Perhaps the most visible of those changes will be the planned addition of creek ambassadors that will interact with visitors along the creek and educate them about creek conditions, rules and regulations, and also provide more general information about the city of Golden.

Lorentz said the city is hoping to hire four or five creek ambassadors who will work on weekends when the creek is typically busiest.

However, Lorentz said the city is currently “struggling with a lack of applications” for the creek ambassador position, a situation which mirrors municipal hiring struggles nationwide (according to a job posting on the city website, the part-time position pays $12.50 to $16 an hour).

“Hopefully we will get more applications,” she said.

Also planned is a new flag system that the city will use to inform visitors about the level of risk associated with going onto the creek on a particular day. Lorentz said the city is planning to post the flags at visible locations on some of the bridges that cross the creek.

Similar to stop lights, a green flag will indicate the lowest level of risk, while a yellow will mean there is a medium risk and red will represent a high risk. Two red flags will mean the creek is closed. There will also be signage explaining the flag rating system set up along the creek.

Finally, the city is working to create an online portal that will show the current flag rating and other information about the creek. Lorentz said the city is also hoping to connect the tubing rentals companies to that portal so they can provide accurate information to their customers.

Those changes that are being put in place this summer are three of the 17 ideas that came out of a group of creek stakeholders, including nearby residents, downtown businesses and representatives from those rental companies, that was commissioned by the city and have been meting over the past few months to help improve the city’s operations of the creek.

Also prepping for a big summer is one of those companies, Adventure West River Tube Rentals.

Owners Beth and Mitch Battilla say they expecting their rental season to be busier than normal with high demand from people wanting to get out and be outside. But, one potential balancing factor could be that people now have many more options for fun than they did last year, when many indoor activities such as movie theaters were closed.

However, their six-year-old business will also be in a better position to handle high demand as it is now operating out of its own space near the creek at 423 10th Street after operating out of a stand along the creek last year.

Beth said they are also planning to keep the reservation system they adopted during the pandemic.

“That was one great thing that came out of COVID for us were those reservations to spread people out a little bit,” she said. “And we are going to continue that because it was actually really good for our business.”

Adventure West has not yet started renting tubes because of high water levels but is now taking reservations for rentals starting on June 19. However, reservations will initially be limited to adults until the city determines it is safe for kids.

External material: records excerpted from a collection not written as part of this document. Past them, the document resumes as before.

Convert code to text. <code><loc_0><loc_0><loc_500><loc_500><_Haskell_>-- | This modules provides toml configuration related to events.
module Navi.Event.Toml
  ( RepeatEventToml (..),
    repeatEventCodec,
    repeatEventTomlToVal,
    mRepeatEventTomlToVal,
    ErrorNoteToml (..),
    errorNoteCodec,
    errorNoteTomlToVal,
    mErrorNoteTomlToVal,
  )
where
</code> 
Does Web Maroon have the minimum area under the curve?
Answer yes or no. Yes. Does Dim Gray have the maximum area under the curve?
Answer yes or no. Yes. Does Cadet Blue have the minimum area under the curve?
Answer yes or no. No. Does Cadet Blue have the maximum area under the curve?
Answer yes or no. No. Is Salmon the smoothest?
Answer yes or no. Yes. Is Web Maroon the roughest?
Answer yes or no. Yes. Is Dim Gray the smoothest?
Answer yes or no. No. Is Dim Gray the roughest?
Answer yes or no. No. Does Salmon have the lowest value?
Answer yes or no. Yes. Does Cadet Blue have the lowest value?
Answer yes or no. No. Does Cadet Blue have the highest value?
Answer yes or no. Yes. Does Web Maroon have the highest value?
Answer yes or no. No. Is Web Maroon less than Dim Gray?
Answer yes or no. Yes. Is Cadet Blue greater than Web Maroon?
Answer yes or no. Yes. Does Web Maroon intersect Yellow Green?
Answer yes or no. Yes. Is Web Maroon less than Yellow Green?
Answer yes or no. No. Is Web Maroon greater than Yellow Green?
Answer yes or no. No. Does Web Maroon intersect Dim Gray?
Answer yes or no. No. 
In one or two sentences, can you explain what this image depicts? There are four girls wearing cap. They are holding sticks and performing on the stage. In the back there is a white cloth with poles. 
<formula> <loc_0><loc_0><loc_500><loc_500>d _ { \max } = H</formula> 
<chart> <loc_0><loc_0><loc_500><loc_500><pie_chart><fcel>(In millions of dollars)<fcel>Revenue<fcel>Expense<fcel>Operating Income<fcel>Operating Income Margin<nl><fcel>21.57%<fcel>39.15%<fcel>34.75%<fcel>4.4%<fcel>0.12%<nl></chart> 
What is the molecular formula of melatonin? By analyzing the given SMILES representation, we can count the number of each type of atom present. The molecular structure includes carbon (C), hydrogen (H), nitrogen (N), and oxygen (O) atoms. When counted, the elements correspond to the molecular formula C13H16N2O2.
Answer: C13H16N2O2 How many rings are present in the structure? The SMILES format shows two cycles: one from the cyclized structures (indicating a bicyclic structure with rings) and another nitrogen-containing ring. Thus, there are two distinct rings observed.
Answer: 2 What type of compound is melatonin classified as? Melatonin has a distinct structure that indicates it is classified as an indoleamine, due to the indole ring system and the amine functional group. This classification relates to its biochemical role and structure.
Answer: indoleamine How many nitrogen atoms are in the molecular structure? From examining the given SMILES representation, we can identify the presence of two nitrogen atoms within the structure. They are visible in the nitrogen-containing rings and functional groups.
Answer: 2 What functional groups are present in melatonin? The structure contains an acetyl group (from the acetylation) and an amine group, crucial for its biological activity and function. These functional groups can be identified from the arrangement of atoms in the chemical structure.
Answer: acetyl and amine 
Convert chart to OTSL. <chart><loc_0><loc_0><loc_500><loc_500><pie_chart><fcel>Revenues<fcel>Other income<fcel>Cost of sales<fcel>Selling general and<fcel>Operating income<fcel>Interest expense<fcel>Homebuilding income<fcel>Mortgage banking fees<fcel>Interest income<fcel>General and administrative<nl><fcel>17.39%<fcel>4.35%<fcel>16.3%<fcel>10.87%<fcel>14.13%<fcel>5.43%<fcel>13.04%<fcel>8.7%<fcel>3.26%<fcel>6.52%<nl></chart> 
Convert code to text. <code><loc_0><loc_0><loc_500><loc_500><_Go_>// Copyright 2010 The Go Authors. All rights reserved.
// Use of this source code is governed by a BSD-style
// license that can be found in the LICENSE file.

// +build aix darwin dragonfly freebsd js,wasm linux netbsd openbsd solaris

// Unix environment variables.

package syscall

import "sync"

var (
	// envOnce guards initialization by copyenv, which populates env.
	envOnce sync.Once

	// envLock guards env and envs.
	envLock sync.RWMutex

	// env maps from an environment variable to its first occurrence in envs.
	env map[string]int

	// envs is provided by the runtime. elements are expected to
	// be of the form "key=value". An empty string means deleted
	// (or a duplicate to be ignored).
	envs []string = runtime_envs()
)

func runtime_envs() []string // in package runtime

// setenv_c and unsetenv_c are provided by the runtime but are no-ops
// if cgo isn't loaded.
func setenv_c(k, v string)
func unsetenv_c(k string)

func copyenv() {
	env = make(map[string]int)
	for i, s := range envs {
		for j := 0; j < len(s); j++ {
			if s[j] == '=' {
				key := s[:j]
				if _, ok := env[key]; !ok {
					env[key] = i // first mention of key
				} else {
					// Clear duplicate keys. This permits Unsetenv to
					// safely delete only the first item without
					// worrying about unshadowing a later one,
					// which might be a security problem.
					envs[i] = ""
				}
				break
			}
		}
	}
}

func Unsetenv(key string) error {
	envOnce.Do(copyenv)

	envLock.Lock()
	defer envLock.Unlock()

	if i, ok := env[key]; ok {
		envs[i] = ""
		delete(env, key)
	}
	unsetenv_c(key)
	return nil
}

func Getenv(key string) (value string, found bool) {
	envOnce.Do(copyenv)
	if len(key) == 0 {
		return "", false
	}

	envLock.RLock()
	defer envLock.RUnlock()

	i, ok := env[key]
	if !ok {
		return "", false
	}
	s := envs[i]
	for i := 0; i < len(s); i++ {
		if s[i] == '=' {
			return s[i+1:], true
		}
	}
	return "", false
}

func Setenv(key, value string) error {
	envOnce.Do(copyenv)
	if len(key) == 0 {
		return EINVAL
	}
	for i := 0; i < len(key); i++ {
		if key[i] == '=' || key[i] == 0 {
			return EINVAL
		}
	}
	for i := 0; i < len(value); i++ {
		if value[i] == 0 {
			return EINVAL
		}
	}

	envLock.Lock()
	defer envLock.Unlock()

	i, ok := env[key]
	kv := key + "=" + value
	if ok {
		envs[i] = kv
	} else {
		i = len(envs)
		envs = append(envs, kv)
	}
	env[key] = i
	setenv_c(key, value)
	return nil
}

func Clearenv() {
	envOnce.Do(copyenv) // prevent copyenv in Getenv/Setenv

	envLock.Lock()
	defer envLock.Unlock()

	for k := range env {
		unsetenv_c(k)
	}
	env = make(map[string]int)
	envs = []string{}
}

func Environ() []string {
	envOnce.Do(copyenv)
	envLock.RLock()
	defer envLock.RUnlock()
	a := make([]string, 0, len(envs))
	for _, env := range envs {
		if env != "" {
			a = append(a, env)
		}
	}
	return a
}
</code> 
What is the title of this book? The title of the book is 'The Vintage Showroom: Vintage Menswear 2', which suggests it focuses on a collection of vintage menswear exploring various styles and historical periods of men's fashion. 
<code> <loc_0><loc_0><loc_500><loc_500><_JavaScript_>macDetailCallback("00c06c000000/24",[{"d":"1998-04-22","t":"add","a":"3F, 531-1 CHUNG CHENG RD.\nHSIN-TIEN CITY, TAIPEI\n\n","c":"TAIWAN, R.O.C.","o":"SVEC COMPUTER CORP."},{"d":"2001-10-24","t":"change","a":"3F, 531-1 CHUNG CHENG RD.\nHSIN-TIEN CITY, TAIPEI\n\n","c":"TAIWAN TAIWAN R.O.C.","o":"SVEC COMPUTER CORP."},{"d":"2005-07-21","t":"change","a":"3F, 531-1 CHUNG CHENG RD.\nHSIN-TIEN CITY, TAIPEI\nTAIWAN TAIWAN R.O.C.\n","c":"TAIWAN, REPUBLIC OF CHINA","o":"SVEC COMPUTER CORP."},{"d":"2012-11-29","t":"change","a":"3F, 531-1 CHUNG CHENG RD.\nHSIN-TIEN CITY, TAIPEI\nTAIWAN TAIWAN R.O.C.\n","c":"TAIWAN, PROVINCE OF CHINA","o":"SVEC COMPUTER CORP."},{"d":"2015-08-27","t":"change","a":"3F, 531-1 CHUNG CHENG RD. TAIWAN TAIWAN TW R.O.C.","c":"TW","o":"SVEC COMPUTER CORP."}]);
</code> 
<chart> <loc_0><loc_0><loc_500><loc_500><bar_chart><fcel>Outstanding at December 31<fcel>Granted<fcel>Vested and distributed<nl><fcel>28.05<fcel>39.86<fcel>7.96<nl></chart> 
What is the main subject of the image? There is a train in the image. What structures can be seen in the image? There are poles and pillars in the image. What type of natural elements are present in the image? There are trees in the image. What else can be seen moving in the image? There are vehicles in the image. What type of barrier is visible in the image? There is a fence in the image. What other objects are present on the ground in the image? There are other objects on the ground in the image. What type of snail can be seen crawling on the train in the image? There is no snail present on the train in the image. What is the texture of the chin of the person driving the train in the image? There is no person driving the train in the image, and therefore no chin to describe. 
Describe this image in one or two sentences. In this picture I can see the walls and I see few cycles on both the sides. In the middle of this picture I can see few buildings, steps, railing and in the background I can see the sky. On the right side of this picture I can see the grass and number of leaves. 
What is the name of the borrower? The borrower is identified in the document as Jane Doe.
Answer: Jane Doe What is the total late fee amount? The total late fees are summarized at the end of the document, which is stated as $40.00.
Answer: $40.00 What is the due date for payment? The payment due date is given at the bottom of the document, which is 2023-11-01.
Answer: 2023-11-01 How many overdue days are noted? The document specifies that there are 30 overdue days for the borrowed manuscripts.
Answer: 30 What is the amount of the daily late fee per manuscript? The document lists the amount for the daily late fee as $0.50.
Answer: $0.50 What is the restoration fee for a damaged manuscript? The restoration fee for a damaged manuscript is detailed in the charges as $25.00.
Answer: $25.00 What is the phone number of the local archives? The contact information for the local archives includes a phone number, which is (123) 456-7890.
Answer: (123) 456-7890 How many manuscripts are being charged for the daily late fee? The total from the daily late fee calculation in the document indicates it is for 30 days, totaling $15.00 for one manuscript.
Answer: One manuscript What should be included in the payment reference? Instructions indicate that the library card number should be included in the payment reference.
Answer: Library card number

Another planned change that will likely excite many customers is the planned addition off a shuttle that will drop its tubers off along the creek near the new Peaks to Plains trail addition when it opens off of Highway 6.

“That will allow people to not have to walk with the tubes along the Riverwalk so there’s not as much foot traffic,” he said. “But that will depend on whether the Peak to Plains addition opens or not. Right now, I know they are shooting for August.”

Beth said she and Mitch also participated in the stakeholder group and are excited about the planned changes that came out of it.

“I think the more educated the public is about safety along the creek and respecting other uses, the better,” she said.